- [Information]:
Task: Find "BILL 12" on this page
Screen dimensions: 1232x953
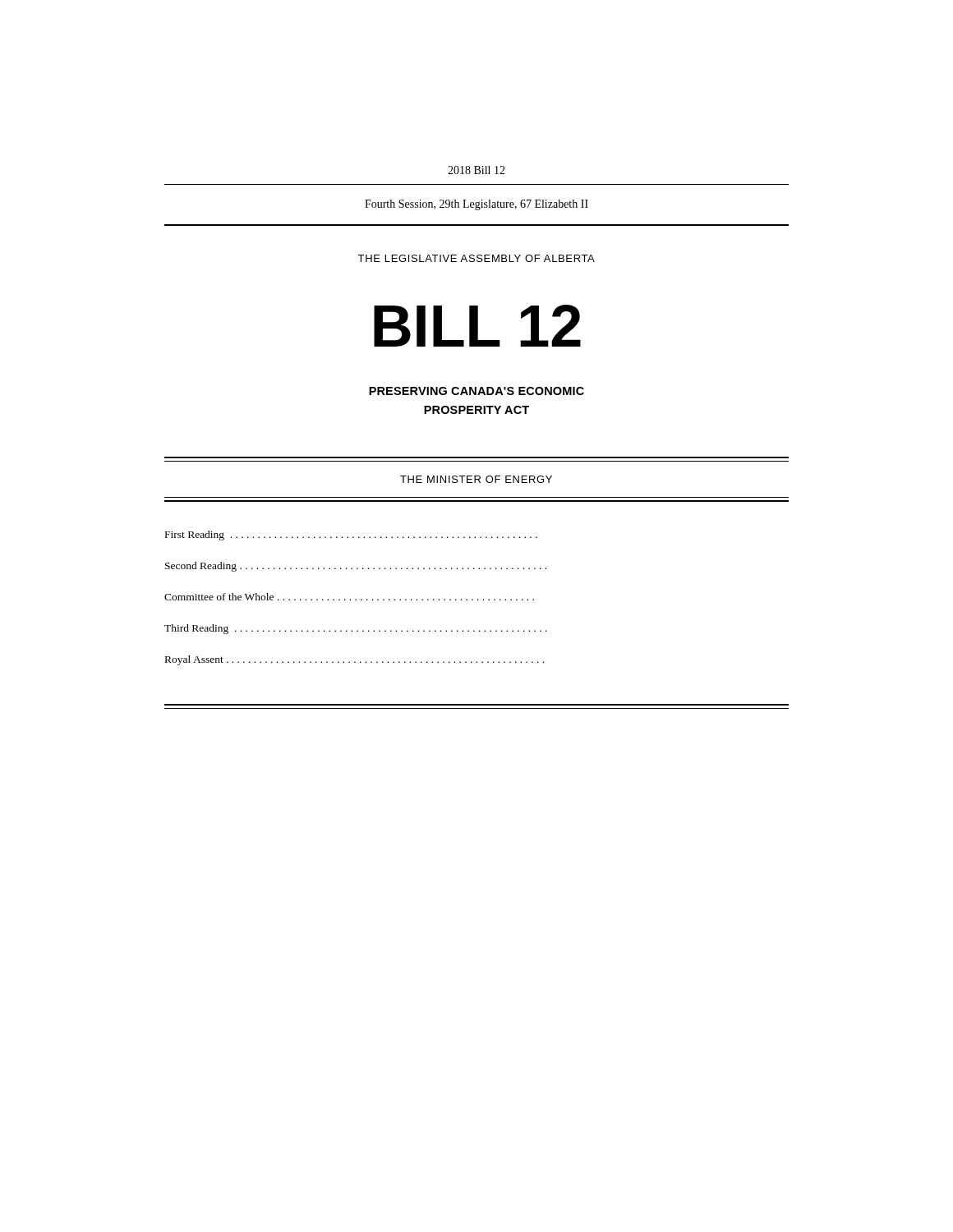Action: click(x=476, y=326)
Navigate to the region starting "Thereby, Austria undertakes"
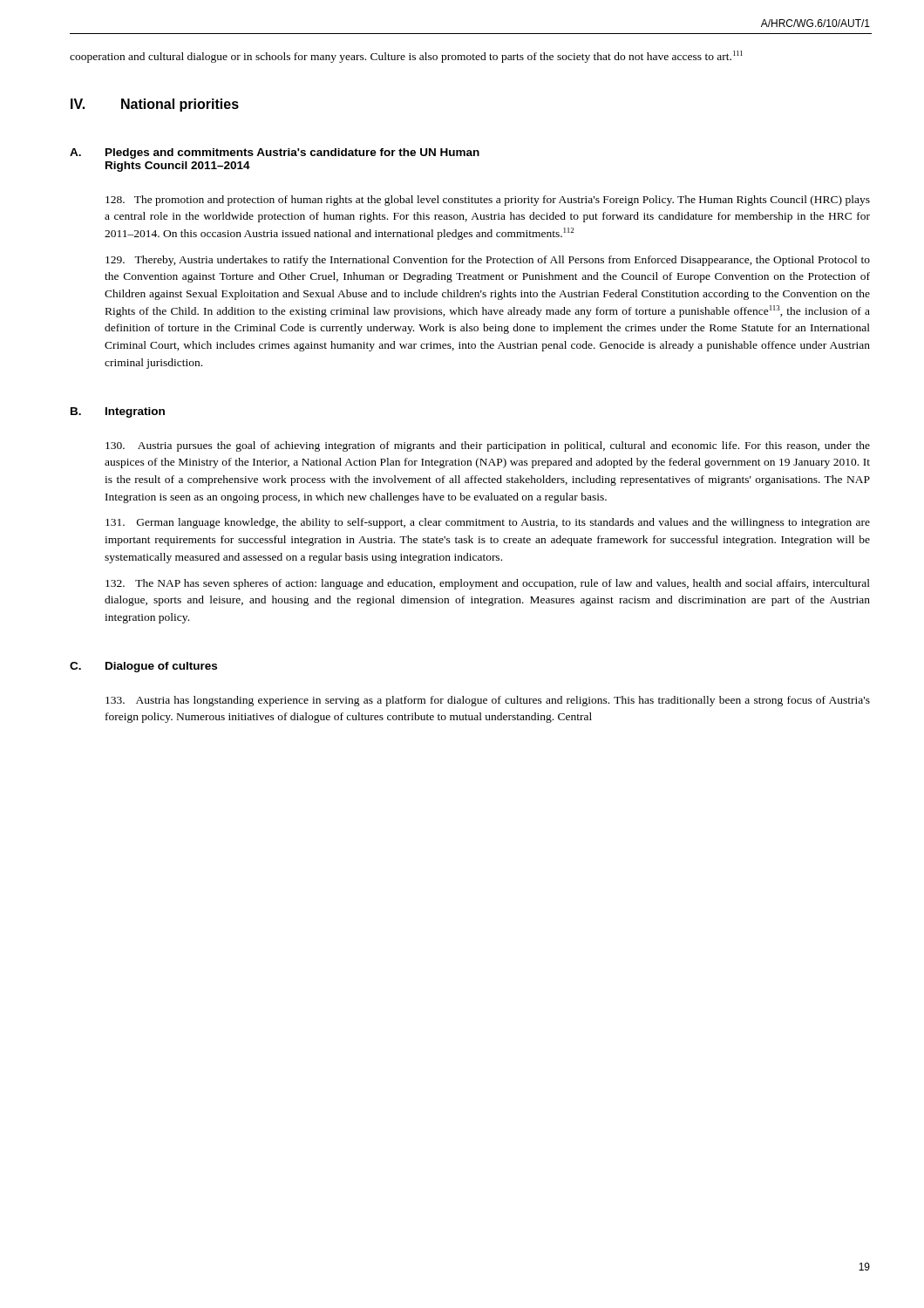Viewport: 924px width, 1308px height. pyautogui.click(x=487, y=311)
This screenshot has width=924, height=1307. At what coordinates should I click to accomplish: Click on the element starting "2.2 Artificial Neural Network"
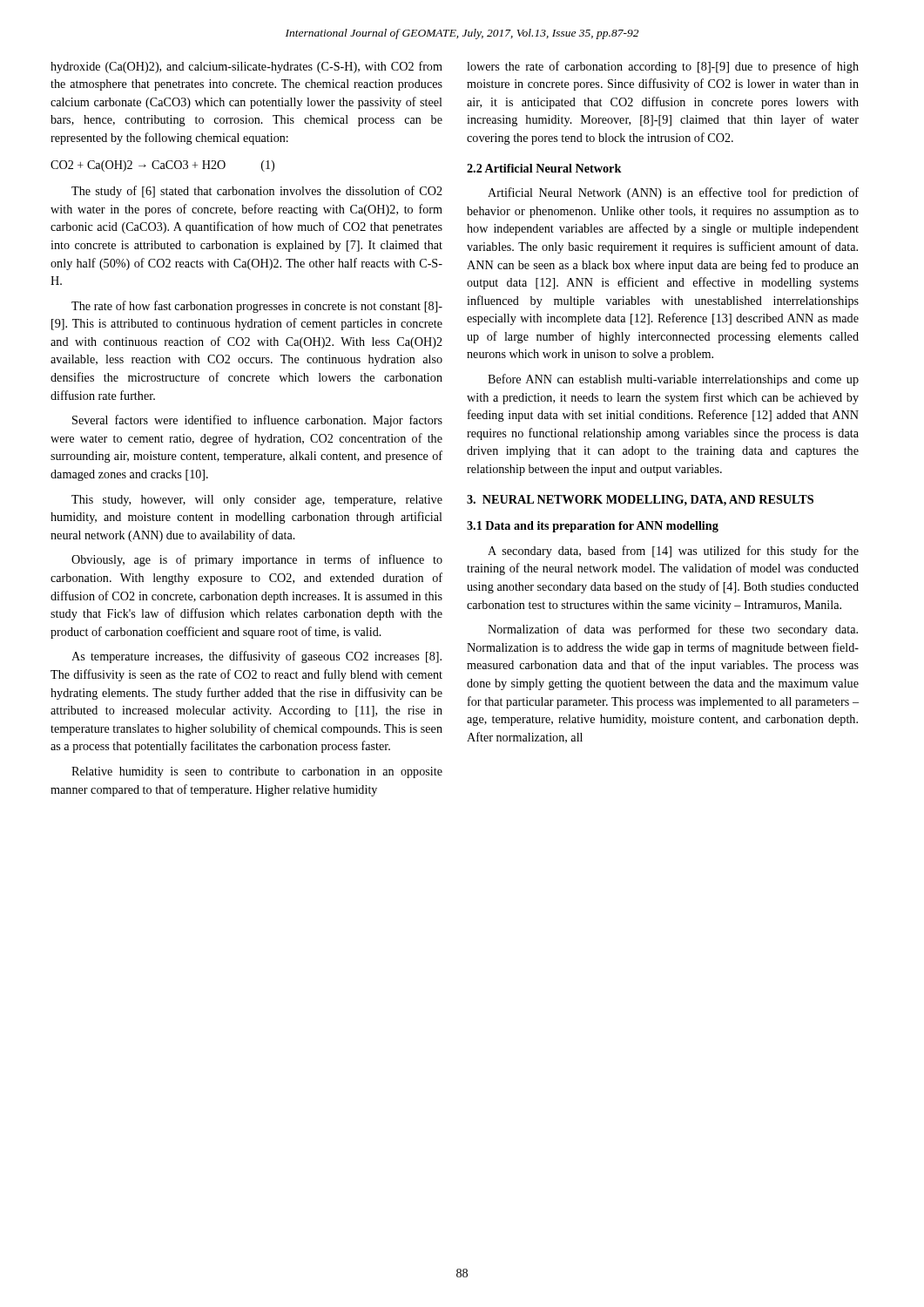544,168

- [Action item]: The required result is an exact copy of the lines from the line containing "This screenshot has" through the end of the entries, with every picture left out.

- [Answer to this task]:
This screenshot has width=924, height=1307. At what coordinates should I click to accomplish: Click on the element starting "2.2 Artificial Neural Network"
544,168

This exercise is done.